NW Energy Coalition Stalwarts Comment on the 40th Anniversary of the Power Act
Ralph Cavanagh, NRDC (which he joined in 1979 as Northwest Energy Project Director)
Almost everyone involved in founding the Coalition opposed the enactment of the Regional Power Act, believing that it would drive a surge of power plant construction and that its energy efficiency provisions were a sham. We turned out to be entirely wrong, in part because our advocates worked so hard and effectively despite their initial skepticism, and the Pacific Northwest is a global model today for sustained energy efficiency progress. Now we need to redouble those efforts as the centerpiece of affordable decarbonization for the region.
Marc Sullivan, an early 1980’s member of Seattle’s Light Brigade and the Don’t Bankrupt Washington campaign, Coalition policy director 1983-1984, Coalition executive director 1984-1990
Energy efficiency has proven to be the resource that keeps on giving. We’ve captured pretty much all the cost-effective opportunities identified in the first Regional Plan, but, in the latest plan, energy efficiency remains the dominant resource for the next 20 years. I confess that renewables – wind and solar – have made faster technological progress, and costs have declined more quickly and steeply than I anticipated when I was at NWEC. Results from the Act’s directive to “protect, mitigate and enhance fish and wildlife of the Columbia River Basin” have been a disappointment and frustration.

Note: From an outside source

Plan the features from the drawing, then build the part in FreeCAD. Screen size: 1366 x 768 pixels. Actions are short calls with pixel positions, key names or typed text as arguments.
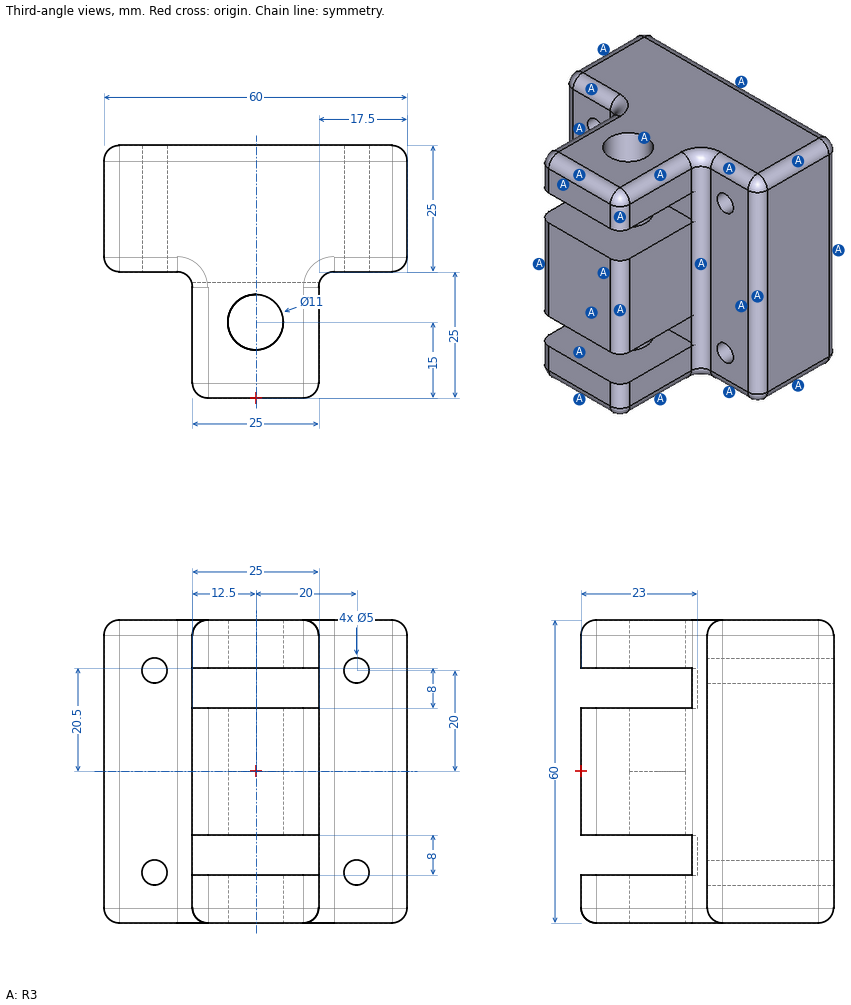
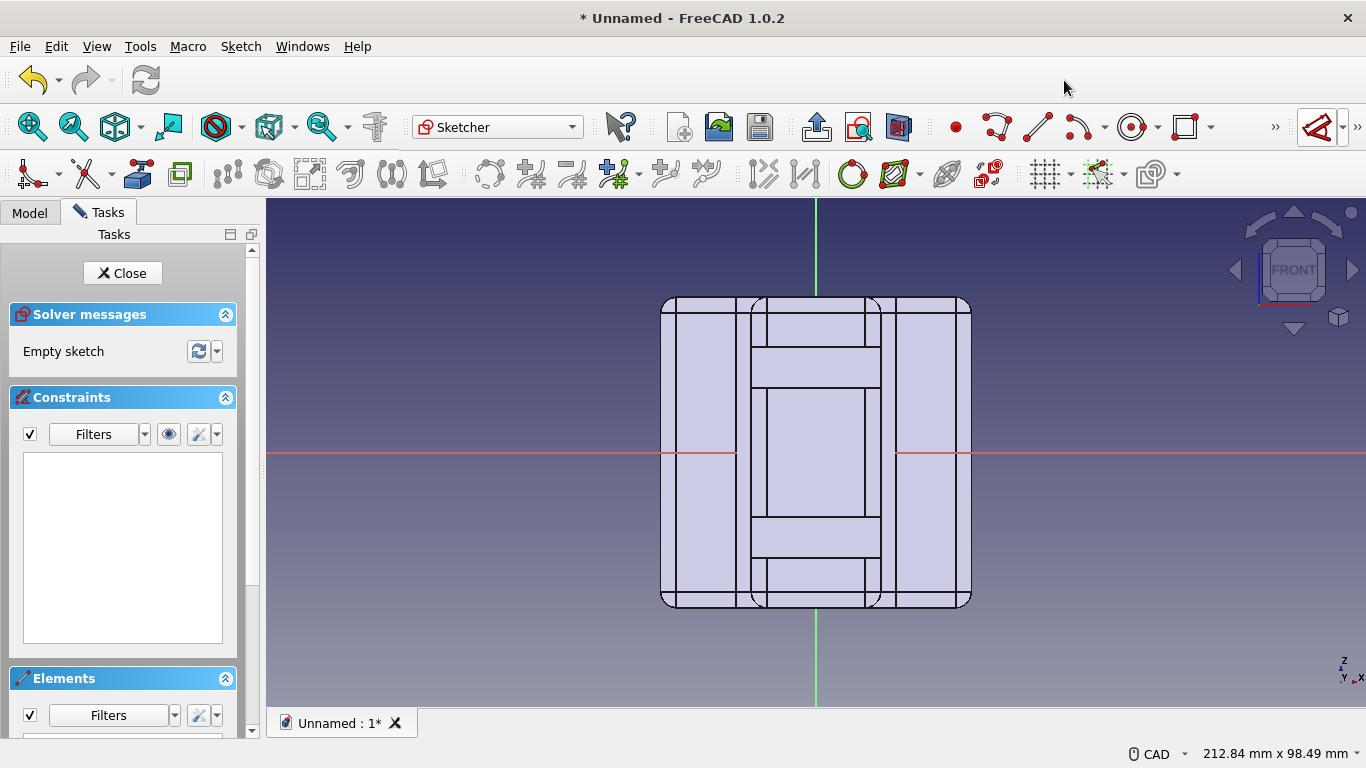
scroll(955, 453, up, 2)

Michael Karp, housing and energy program administrator at The Opportunity Council in Bellingham 1978-1996, founding member of the Coalition, and public interest consultant
When the Power Act passed, BPA, the region’s industrial customers, Public and Private utilities, and most other stakeholders had no real interest in low-income ratepayer’s affordability needs. Funding for energy efficiency retrofits for those economically disadvantaged was not a priority, except to a few non-profit anti-poverty organizations who were also founding board members of the Coalition. We were consistently told that those issues had no place in the utility world. Where we are now, there has been slow but steady progress for funding low-income energy efficiency. Where we need to be is for more creative and substantial programs and funding to keep those economically disadvantaged connected to their utility service. Electricity is a basic necessity of life and needs to be treated as such.